Sherri’s wearable art is on exhibit this weekend at Karats in Vail Village. She’ll be in the gallery to talk about her work and take commissions.

Jewelry lost part of its art element due to a couple of worldly developments. Lost-wax casting, for example, where you pour metal into molds, was used in ancient times by jewelry artists as a means of expression. In the Industrial Age, the technique became a means of production. Jewelry could be made in large numbers at a low cost to buyers using machines, removing the need for artists. In the 21st century, the jewelry industry began outsourcing labor to underdeveloped countries, and artists were again cut out of the picture.

“Because of this, there were people who got involved in jewelry that weren’t artists. They come up with one idea and the next thing you know, they’re going into business,” Sherri says.

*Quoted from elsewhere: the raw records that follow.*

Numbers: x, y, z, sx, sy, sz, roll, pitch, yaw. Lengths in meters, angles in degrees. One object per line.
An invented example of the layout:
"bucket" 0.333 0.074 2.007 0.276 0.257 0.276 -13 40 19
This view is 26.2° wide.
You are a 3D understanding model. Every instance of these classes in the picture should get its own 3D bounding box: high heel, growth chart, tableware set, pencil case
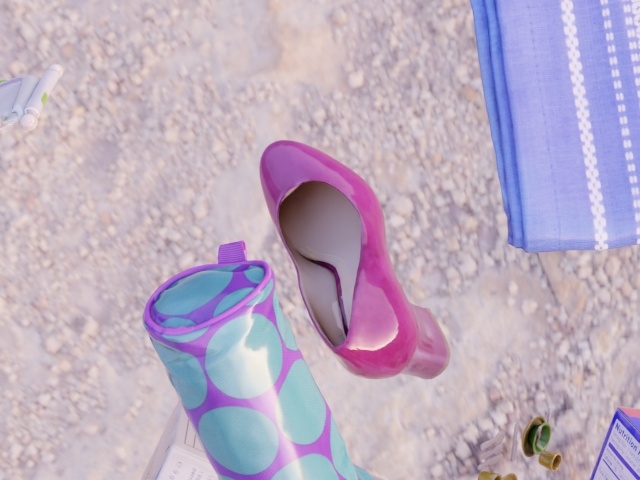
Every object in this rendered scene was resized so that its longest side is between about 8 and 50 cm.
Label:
"high heel" 0.000 0.000 1.540 0.127 0.181 0.377 -50 55 16
"growth chart" -0.347 -0.108 1.274 0.237 0.021 0.172 -17 24 14
"tableware set" 0.217 0.249 1.497 0.024 0.154 0.104 17 110 36
"pencil case" -0.025 0.081 0.650 0.064 0.151 0.070 -6 30 33

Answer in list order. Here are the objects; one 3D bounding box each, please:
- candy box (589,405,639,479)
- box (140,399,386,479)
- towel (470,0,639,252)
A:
"candy box" 0.374 0.337 1.356 0.122 0.268 0.317 -127 50 -63
"box" -0.011 0.267 1.227 0.311 0.148 0.121 25 100 -6
"towel" 0.244 -0.130 0.694 0.336 0.040 0.243 -8 80 8
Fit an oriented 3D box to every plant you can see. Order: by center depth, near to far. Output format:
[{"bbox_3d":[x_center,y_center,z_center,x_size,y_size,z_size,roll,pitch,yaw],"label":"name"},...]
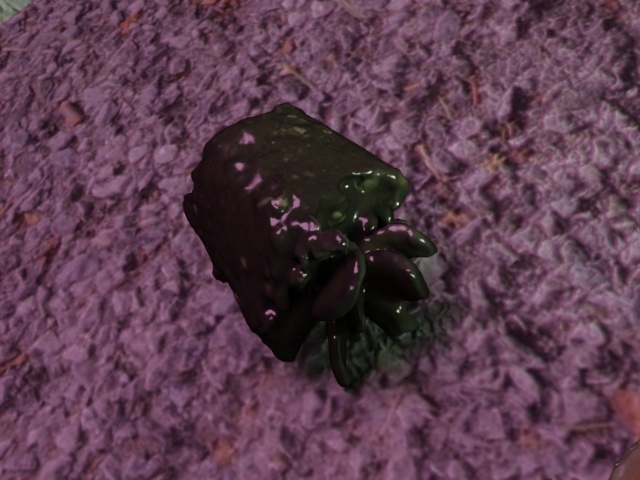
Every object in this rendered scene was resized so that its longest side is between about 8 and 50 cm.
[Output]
[{"bbox_3d":[0.000,0.000,1.834,0.188,0.199,0.276,-16,50,-33],"label":"plant"}]

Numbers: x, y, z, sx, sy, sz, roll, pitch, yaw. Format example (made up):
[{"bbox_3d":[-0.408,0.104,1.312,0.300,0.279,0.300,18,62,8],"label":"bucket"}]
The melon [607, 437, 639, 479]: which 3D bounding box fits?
[{"bbox_3d":[0.307,0.176,1.482,0.182,0.054,0.098,-13,52,32],"label":"melon"}]

Sherri studied jewelry making and design at Parsons School of Design and Jewelry Arts Institute in New York City. She’s schooled as a contemporary jeweler. She understands all the modern methods, but finds them very strict and limiting. She prefers the visceral experience of shaping jewelry by hand and using rustic tools like heat and a hammer to create adornments that are reminiscent of the past. She extended her formal training to learn and master ancient jewelry-making.

“I think contemporary jewelry making is for a personality who likes to be precise and really square. I am more of a flowing personality,” Sherri says. “Ancient jewelry is not about being precise and tight and angular. It’s about going with a piece and letting what happens, happen. That’s the fun of it. If everything was planned out and controlled, I would be bored. Things happen as you work the piece and that is the beauty of real art work.”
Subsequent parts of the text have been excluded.